Speaking this week before the fund’s forthcoming annual meeting – taking place next week on the Indonesian island of Bali – the IMF’s head, Christine Lagarde, said she was concerned that the total value of global debt, in both the public and private sectors, has rocketed by 60 percent in the decade since the financial crisis to reach an all-time high of $182tn (£139tn).
She said the build-up made developing world governments and companies more vulnerable to higher US interest rates, which could trigger a flight of funds and destabilise their economies. “This should serve as a wake-up call,” she said.
The stability report said the development of digital trading platforms and digital currencies such as bitcoin, along with other financial technology companies, had been rapid. It said:
“Despite its potential benefits, our knowledge of its potential risks and how they might play out is still developing. Increased cybersecurity risks pose challenges for financial institutions, financial infrastructure, and supervisors. These developments should act as a reminder that the financial system is permanently evolving, and regulators and supervisors must remain vigilant to this evolution and ready to act if needed.”
In a separate analysis, as part of the IMF’s annual economic outlook, it warned that “large challenges loom for the global economy to prevent a second Great Depression”.
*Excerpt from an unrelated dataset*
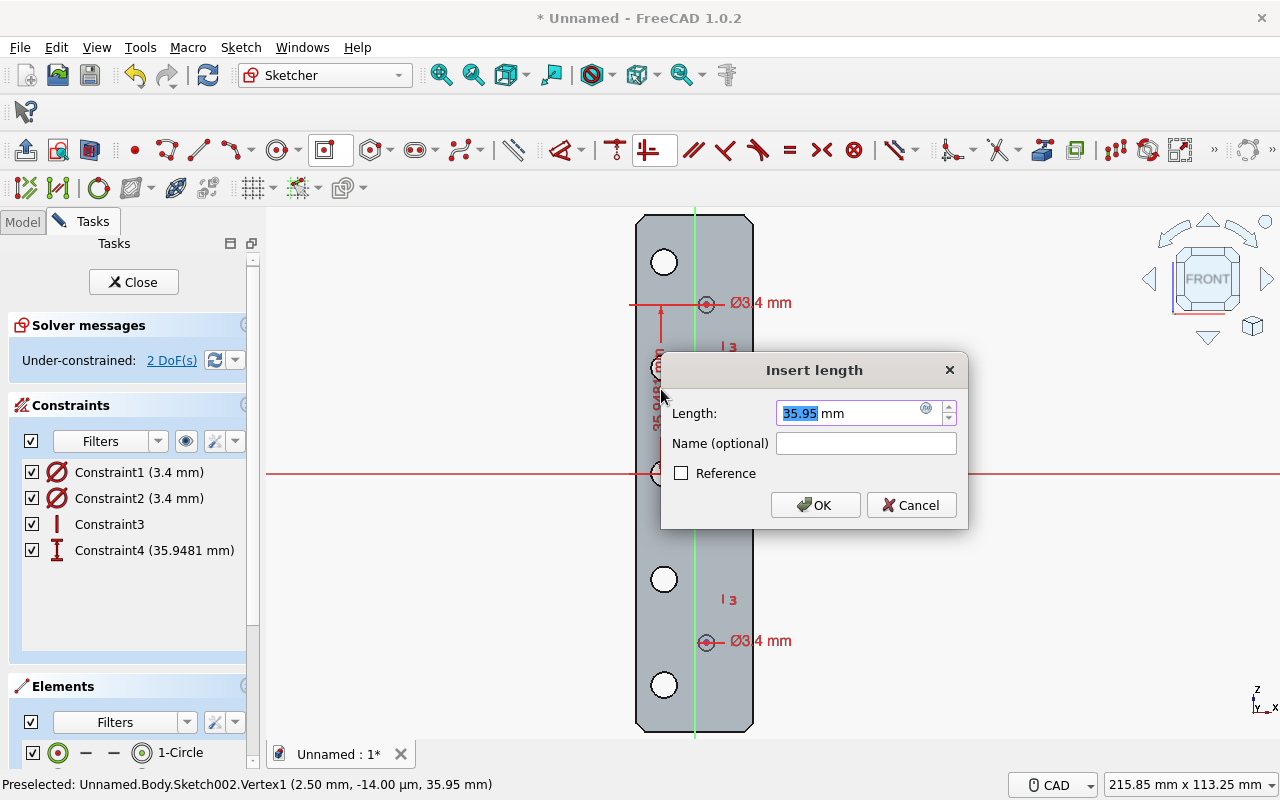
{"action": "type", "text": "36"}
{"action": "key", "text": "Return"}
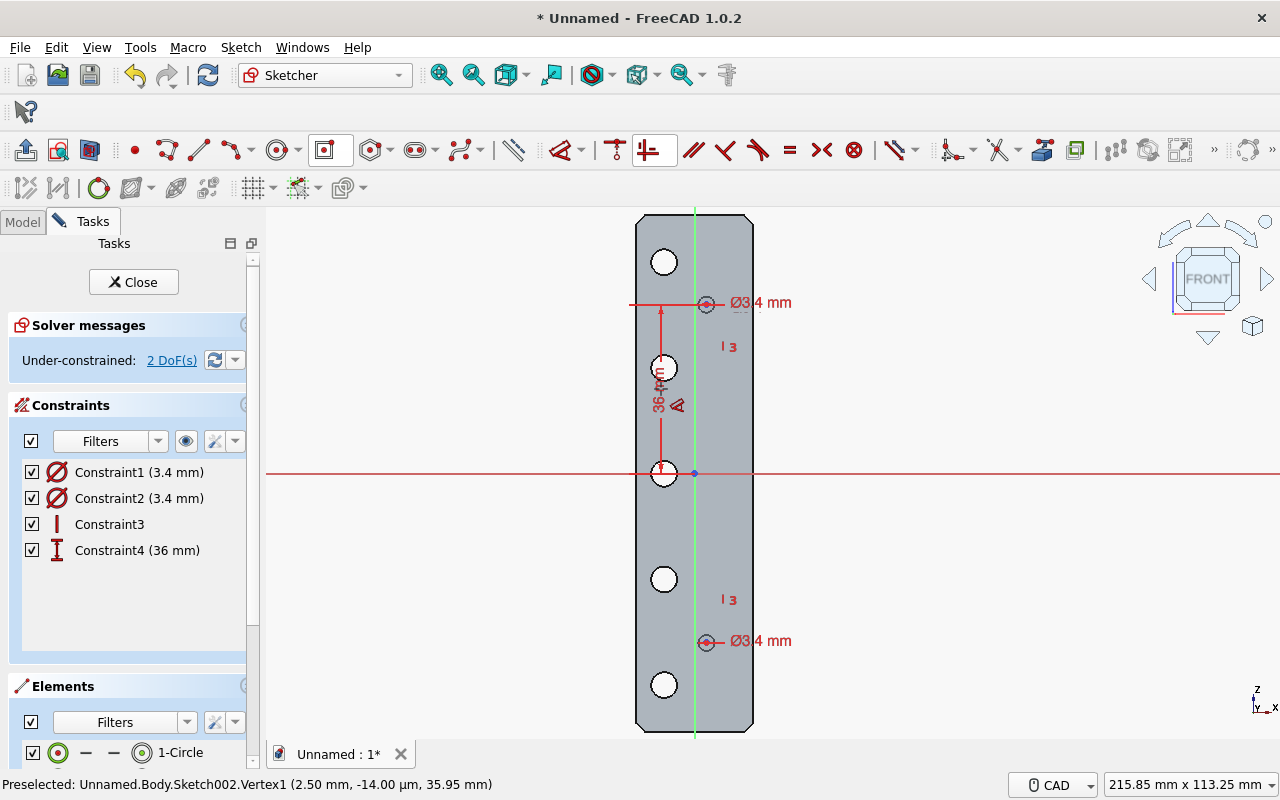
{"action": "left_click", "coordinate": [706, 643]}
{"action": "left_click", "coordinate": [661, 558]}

It said the huge rise in borrowing by corporates and government at cheap interest rates had not shown up in higher levels of research and development or more general investment in infrastructure.
This trend since the collapse of Lehman Brothers, which triggered the global financial crisis, had limited the growth potential of all countries and not just those which suffered the most in the aftermath of the crash. It had also left the global economy in a weaker position, especially as it enters a period when a downturn is possible.
The IMF said:
“The sequence of aftershocks and policy responses that followed the Lehman bankruptcy has led to a world economy in which the median general government debt-GDP ratio stands at 52 percent, up from 36 percent before the crisis; central bank balance sheets, particularly in advanced economies, are several multiples of the size they were before the crisis; and emerging market and developing economies now account for 60 percent of global GDP in purchasing-power-parity terms – which compares with 44 percent in the decade before the crisis – reflecting, in part, a weak recovery in advanced economies.”
Like many institutions the IMF has warned that rising levels of inequality have a negative impact on investment and productivity as wealthier groups hoard funds rather than re-invest them in productive parts of the economy. Without a rise in investment, economies remain vulnerable to financial stress.